Work to complete: Write out the listing below exactly, and omit any images you find in it.

***

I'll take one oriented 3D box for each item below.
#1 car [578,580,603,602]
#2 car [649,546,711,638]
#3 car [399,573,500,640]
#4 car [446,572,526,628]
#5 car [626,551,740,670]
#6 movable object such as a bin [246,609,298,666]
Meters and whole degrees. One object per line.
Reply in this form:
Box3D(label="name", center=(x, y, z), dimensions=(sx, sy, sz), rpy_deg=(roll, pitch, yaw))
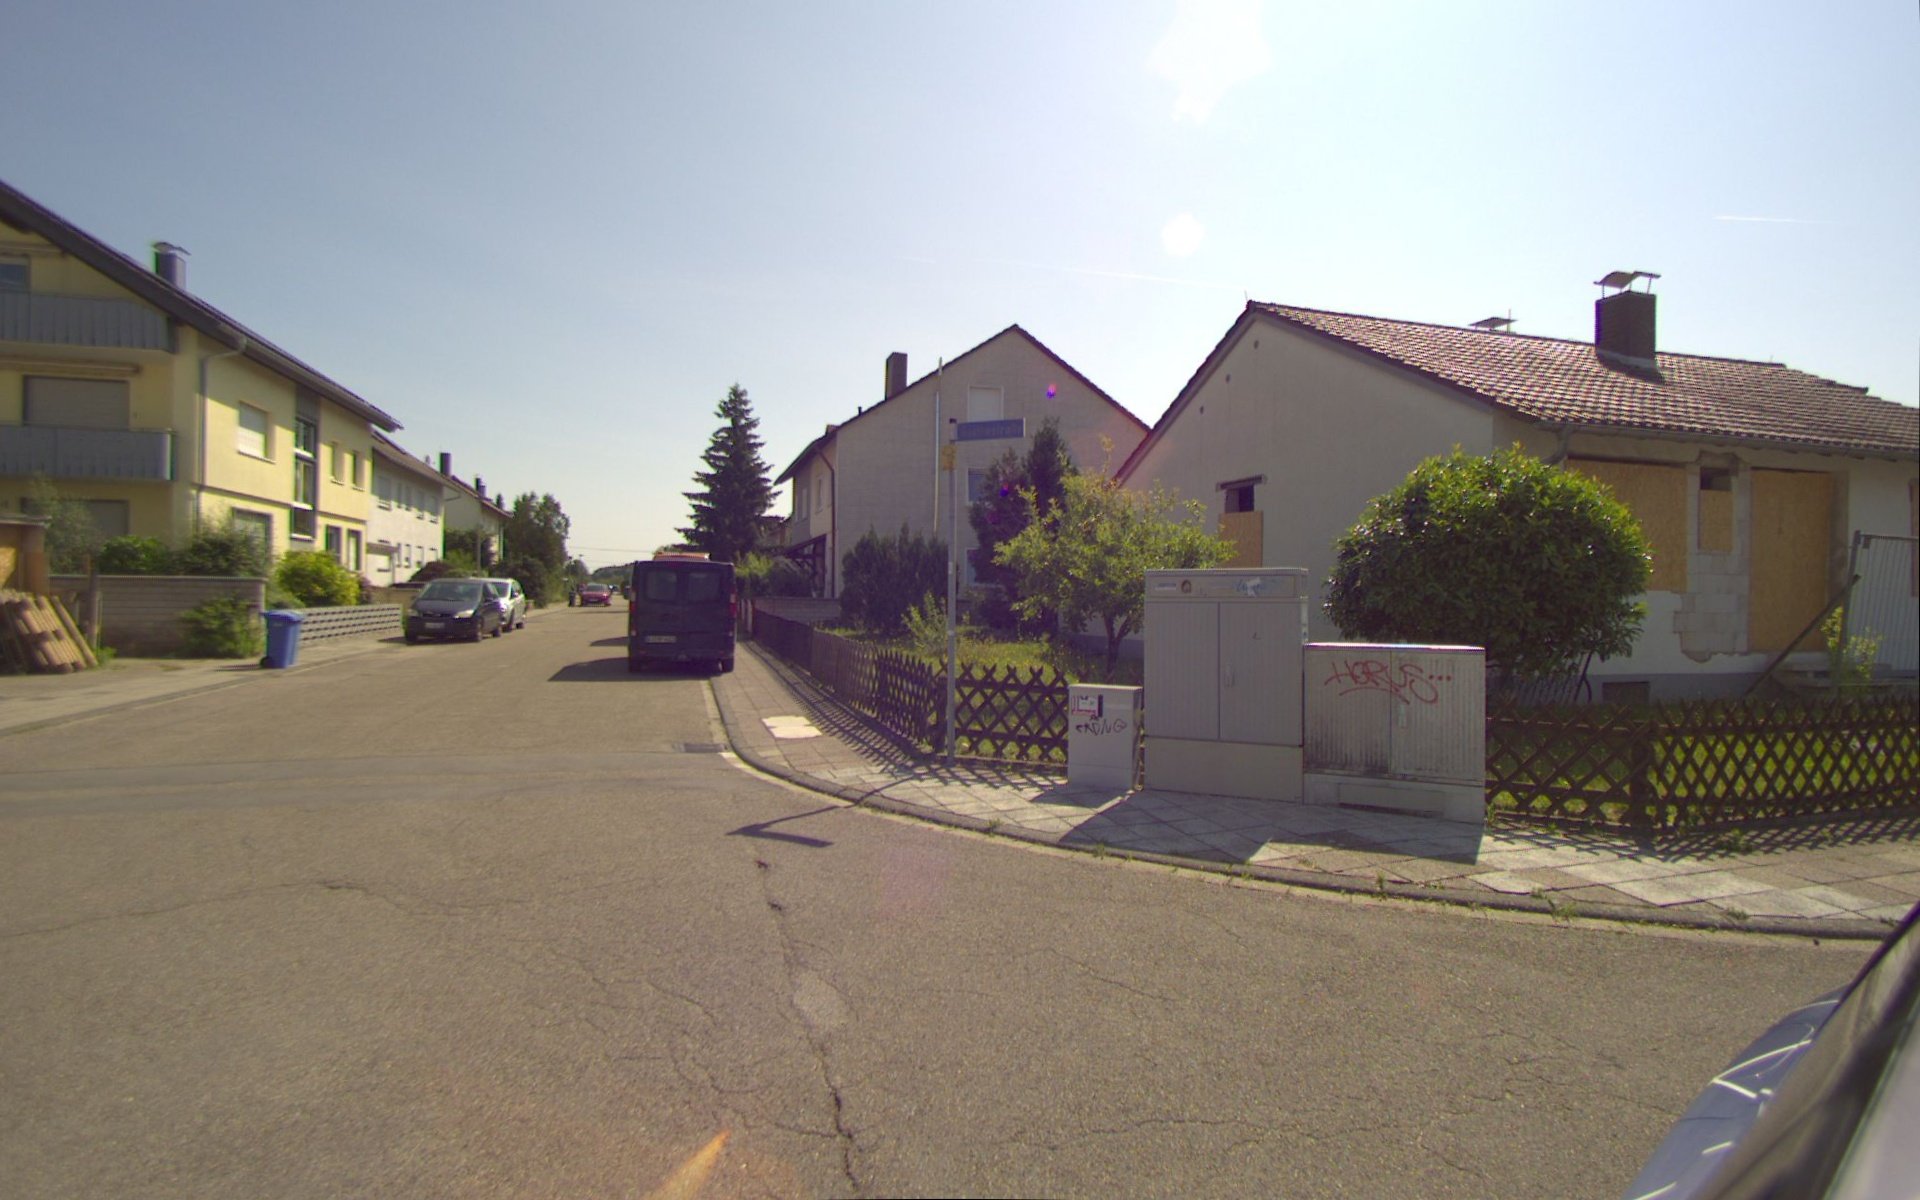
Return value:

***

Answer to this exercise:
I'll take one oriented 3D box for each item below.
#1 car [578,580,603,602]
#2 car [649,546,711,638]
#3 car [399,573,500,640]
#4 car [446,572,526,628]
#5 car [626,551,740,670]
#6 movable object such as a bin [246,609,298,666]
Meters and whole degrees. One object per line.
Reply in this form:
Box3D(label="name", center=(x, y, z), dimensions=(sx, sy, sz), rpy_deg=(roll, pitch, yaw))
Return value:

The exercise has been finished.